わたしたちの体験の中に、このようなことがあるでしょうか。頑張っても物事がうまく
いかず、疲れ、失望しかけたときに、それでもイエスの言葉に励まされてもう一度やって
みたら、思わぬ良い結果が生じた、というような体験です。わたしたちにとっての「沖に
漕ぎ出して網を降ろし、漁をしなさい」とは、どんな時のどんな言葉でしょうか?
(3) 不思議な大漁を見たシモン・ペトロは、「主よ、わたしから離れてください。
わたしは罪深い者なのです」と叫びます。
「主」
(ギリシア語の「キュリオスkyrios」)は
新約聖書の中で旧約を引用するとき、神について使う言葉です。
「イスラエルの全家は、は
っきり知らなくてはなりません。あなたがたが十字架につけて殺したイエスを、神は主と
し、またメシアとなさったのです」(使徒言行録2章36節)。これはペンテコステ(五旬祭、
聖霊降臨の日)のペトロの説教の結びの言葉です。ペトロはイエスの死と復活をとおして、
イエスが神の子であり、神と等しい方であることを確信することになります。しかし、こ
の最初の出会いの時から、そのことは予感されているのです。
ペトロはイエスの神的な力を感じて、
「わたしから離れてください」と言います。神は聖
なる方であり、その神に近づくと、罪深い者である人間はその聖性に耐え切れずに滅びて
しまう、と考えられていました。この日のミサの第一朗読で読まれるイザヤの言葉も同様
です。
「災いだ。わたしは滅ぼされる。わたしは汚(けが)れた唇の者。
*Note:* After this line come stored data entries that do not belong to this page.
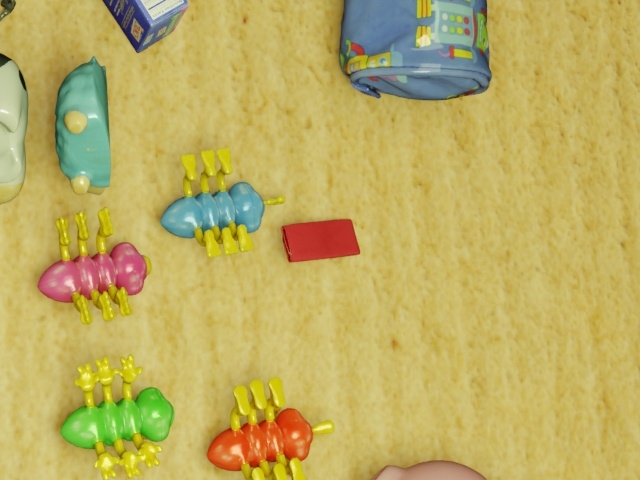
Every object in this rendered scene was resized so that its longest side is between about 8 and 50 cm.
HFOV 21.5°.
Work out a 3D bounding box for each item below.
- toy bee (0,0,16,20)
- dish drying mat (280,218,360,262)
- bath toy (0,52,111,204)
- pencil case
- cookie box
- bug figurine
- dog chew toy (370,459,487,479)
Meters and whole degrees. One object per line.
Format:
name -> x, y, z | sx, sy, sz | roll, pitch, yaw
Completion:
toy bee -> -0.256, -0.337, 1.312 | 0.162, 0.195, 0.298 | 38, 82, 18
dish drying mat -> 0.000, 0.000, 1.386 | 0.083, 0.008, 0.032 | -6, 77, -48
bath toy -> -0.332, -0.096, 1.264 | 0.348, 0.151, 0.129 | 3, 45, -12
pencil case -> 0.071, -0.266, 1.415 | 0.133, 0.119, 0.306 | -7, 80, 24
cookie box -> -0.155, -0.213, 1.354 | 0.040, 0.092, 0.107 | -33, 91, -16
bug figurine -> -0.109, 0.073, 1.326 | 0.216, 0.072, 0.279 | -6, 77, -24
dog chew toy -> 0.159, 0.302, 1.308 | 0.332, 0.206, 0.206 | 44, 72, 3
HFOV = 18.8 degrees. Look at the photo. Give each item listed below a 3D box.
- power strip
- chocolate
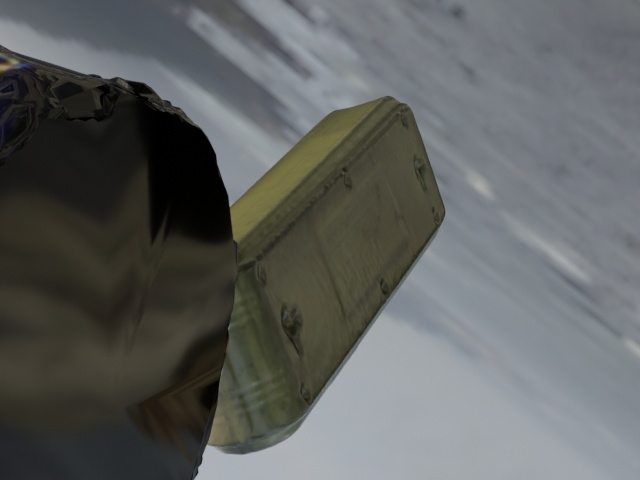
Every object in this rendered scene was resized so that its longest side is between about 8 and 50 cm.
[{"bbox_3d":[0.000,0.000,1.010,0.387,0.066,0.092,-47,-59,-67],"label":"power strip"},{"bbox_3d":[-0.192,-0.019,0.491,0.343,0.126,0.148,17,170,25],"label":"chocolate"}]
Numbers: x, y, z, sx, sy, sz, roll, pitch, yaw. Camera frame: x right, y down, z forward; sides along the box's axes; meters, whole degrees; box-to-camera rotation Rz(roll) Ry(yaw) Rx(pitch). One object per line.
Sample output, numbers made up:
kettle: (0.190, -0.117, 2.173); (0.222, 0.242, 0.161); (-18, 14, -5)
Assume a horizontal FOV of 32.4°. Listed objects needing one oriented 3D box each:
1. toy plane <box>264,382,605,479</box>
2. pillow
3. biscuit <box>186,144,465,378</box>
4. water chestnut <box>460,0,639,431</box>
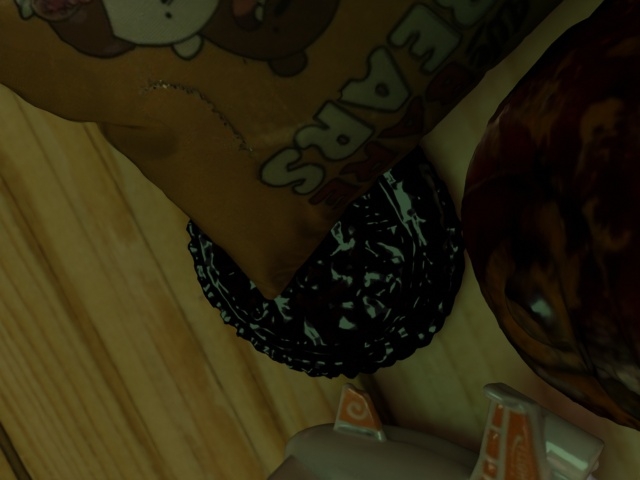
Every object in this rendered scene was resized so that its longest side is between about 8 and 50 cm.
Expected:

汚れた唇の民の中に住
む者。しかも、わたしの目は/王なる万軍の主を仰ぎ見た」(イザヤ6章5節)。
(4) そんなペトロに向かって、イエスは「恐れることはない。今から後、あなたは
人間をとる漁師になる」(10節)と言われます。イエスは罪深い人間を滅ぼすためにではな
く、その罪をゆるすために来られました。
「罪」とは「神から離れること」です。イエスは
神の子として、人が神に立ち返り、神との親しさを取り戻すこと(これが「罪のゆるし」で
す)のためにこそ世に来られたのです。
ペトロには使命が与えられます。
「人間をとる漁師」は直訳では「人間を生け捕りにする
者」です。ここには人を「まことの命へと導き入れる」というニュアンスがあるのでしょ
うか。そして、この「不思議な大漁」の出来事は、これからの弟子たちの活動の実りの豊
かさを暗示しているとも言えるのでしょう。なお、この10節の言葉はペトロ一人に向かっ
て語られていますが、11節の「彼ら」にはもちろんヤコブとヨハネも含まれています。
「す
べてを捨てて」はイエスに従う者の典型的、理想的な姿と考えられます。
(5) 不思議な大漁の話は、ヨハネ21章にもあります。これは復活したイエスと弟子た
ちとの出会いの物語です。時期や細部はずいぶん異なりますが、夜中にガリラヤ湖で漁を
しても何も獲れなかったペトロたちが、イエスの言葉に従って網を下ろすとたくさんの魚
が獲れたという点では共通しています。2回同じような出来事があったのでしょうか。1つ
の共通の伝承(言い伝え)があって、2つの福音書それぞれが別の仕方で伝えているのでしょ
うか。いずれにせよ、この2つの箇所から、福音の物語が2000年前の物語であると同時
に、今のわたしたちと復活したイエスとの出会いの物語でもあると感じることができ
るのではないでしょうか。そのような物語としてきょうの福音を味わいたいものです。